• WORK REQUIRED
Return every line from the listing where the word "each" occurs.

• DATA FOR THIS EXERCISE
-- Opening Marker --
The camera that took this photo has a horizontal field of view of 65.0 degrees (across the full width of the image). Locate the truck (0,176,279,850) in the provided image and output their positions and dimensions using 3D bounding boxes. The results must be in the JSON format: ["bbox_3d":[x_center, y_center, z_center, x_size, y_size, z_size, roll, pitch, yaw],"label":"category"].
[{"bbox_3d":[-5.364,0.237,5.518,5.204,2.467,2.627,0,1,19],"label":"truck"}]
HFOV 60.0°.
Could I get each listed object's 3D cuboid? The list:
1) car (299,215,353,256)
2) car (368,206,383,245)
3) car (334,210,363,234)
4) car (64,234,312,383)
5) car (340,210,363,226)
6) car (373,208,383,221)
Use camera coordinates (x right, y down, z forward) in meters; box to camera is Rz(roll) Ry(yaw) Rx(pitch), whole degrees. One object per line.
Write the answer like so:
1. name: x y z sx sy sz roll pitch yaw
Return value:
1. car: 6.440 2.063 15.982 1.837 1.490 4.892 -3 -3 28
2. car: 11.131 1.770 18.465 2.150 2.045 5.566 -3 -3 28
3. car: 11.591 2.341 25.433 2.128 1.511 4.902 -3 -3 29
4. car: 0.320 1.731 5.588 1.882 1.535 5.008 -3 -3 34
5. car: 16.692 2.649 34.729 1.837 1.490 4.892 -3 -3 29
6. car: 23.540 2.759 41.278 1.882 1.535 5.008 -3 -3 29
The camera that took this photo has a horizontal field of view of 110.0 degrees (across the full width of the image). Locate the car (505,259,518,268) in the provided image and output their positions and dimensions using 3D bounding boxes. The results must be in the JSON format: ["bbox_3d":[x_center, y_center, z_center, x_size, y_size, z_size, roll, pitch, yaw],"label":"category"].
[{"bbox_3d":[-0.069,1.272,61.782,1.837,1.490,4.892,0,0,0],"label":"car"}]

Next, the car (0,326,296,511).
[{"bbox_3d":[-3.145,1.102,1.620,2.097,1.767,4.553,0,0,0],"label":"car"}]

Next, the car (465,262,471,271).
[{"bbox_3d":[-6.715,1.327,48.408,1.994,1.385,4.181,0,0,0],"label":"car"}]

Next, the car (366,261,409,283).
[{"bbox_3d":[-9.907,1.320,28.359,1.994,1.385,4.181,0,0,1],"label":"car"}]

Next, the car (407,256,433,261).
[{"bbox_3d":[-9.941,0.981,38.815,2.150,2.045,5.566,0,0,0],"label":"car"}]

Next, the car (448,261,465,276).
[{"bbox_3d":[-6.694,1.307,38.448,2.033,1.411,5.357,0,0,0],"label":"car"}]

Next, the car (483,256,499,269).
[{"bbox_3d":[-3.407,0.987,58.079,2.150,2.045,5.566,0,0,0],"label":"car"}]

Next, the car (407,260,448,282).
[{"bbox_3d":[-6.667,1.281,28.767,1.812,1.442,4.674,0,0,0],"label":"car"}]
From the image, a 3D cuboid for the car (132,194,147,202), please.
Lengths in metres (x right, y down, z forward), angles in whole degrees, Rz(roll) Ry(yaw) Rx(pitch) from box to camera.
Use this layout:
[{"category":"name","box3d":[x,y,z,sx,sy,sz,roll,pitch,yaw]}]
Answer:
-- Closing Marker --
-- Opening Marker --
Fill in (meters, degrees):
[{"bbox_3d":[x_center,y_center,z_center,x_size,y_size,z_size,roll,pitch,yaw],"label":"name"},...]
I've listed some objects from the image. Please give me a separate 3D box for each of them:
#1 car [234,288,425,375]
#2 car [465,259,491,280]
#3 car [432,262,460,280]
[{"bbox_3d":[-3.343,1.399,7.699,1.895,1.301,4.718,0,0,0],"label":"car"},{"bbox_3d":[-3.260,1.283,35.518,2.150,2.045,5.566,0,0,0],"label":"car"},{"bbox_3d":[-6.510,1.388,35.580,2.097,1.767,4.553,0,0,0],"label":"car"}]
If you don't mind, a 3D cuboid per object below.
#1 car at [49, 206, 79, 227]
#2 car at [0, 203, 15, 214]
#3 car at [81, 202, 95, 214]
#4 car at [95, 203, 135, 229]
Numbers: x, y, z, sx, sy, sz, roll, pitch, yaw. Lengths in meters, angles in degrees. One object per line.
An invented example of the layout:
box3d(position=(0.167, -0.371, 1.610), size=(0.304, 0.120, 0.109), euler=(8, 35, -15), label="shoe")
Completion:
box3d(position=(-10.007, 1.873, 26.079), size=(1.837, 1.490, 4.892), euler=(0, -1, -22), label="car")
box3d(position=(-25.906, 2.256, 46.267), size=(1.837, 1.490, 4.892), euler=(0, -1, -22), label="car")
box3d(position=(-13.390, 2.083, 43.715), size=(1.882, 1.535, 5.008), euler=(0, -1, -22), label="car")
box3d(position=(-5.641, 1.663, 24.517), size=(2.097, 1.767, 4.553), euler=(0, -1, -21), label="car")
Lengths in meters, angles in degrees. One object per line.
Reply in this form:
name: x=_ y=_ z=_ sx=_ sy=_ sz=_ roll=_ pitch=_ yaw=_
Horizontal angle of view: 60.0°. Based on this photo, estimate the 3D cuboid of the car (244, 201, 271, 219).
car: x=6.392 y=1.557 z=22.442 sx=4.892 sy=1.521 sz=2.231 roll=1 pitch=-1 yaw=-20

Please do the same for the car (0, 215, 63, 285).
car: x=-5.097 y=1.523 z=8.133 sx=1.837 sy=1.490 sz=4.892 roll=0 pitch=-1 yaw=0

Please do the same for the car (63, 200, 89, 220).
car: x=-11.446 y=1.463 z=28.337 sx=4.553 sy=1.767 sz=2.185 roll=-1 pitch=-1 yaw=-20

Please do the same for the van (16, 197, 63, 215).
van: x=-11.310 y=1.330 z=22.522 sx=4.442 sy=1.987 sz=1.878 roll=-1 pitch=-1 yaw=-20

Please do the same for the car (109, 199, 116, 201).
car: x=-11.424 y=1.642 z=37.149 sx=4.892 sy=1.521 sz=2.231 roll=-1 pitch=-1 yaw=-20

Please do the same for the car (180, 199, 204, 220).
-- Closing Marker --
-- Opening Marker --
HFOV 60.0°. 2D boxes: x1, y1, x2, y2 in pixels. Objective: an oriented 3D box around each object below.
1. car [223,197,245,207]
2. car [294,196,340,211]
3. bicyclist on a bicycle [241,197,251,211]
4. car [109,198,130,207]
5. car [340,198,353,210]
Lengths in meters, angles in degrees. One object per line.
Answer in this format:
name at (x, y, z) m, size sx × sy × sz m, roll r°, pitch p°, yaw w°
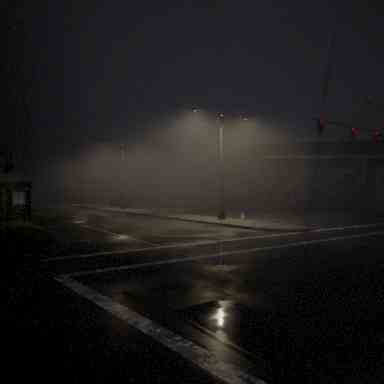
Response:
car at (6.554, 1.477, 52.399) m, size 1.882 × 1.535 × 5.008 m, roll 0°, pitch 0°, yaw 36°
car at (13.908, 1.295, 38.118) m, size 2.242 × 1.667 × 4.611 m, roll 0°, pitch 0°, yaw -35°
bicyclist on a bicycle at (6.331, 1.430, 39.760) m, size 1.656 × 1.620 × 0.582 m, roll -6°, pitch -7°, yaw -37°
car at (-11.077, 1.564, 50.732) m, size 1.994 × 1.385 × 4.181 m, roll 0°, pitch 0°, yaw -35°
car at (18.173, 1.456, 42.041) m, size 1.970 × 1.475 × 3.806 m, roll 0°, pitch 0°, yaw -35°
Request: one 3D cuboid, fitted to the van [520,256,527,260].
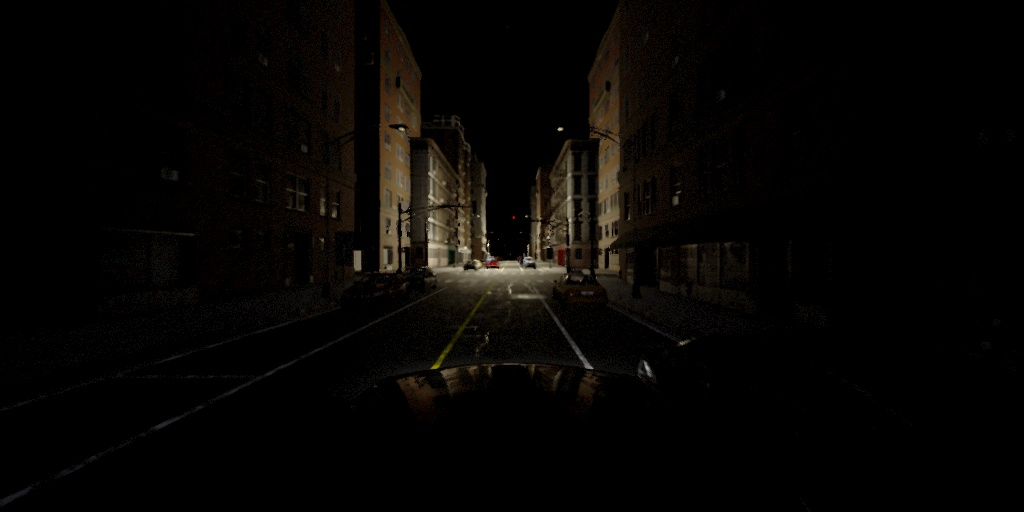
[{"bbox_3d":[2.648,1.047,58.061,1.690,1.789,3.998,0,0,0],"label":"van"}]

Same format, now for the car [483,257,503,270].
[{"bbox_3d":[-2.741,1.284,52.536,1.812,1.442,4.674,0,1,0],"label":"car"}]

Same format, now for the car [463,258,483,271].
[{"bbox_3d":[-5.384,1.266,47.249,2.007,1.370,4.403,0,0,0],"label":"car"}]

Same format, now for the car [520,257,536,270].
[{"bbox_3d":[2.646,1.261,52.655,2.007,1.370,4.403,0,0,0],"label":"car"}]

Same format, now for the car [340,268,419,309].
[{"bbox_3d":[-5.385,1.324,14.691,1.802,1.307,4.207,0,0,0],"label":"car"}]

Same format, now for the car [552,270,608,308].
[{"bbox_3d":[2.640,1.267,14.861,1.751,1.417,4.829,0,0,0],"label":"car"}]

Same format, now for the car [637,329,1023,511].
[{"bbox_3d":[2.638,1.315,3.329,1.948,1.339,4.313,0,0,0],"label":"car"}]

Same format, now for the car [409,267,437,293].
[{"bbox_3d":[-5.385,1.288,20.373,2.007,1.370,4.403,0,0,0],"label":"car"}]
-- Closing Marker --
• ANSWER TO THIS TASK
Could I get each listed object's 3D cuboid? The list:
I've listed some objects from the image. Please give me a separate 3D box for each of them:
HFOV 60.0°. 2D boxes: x1, y1, x2, y2 in pixels. Objective: an oriented 3D box around each object below.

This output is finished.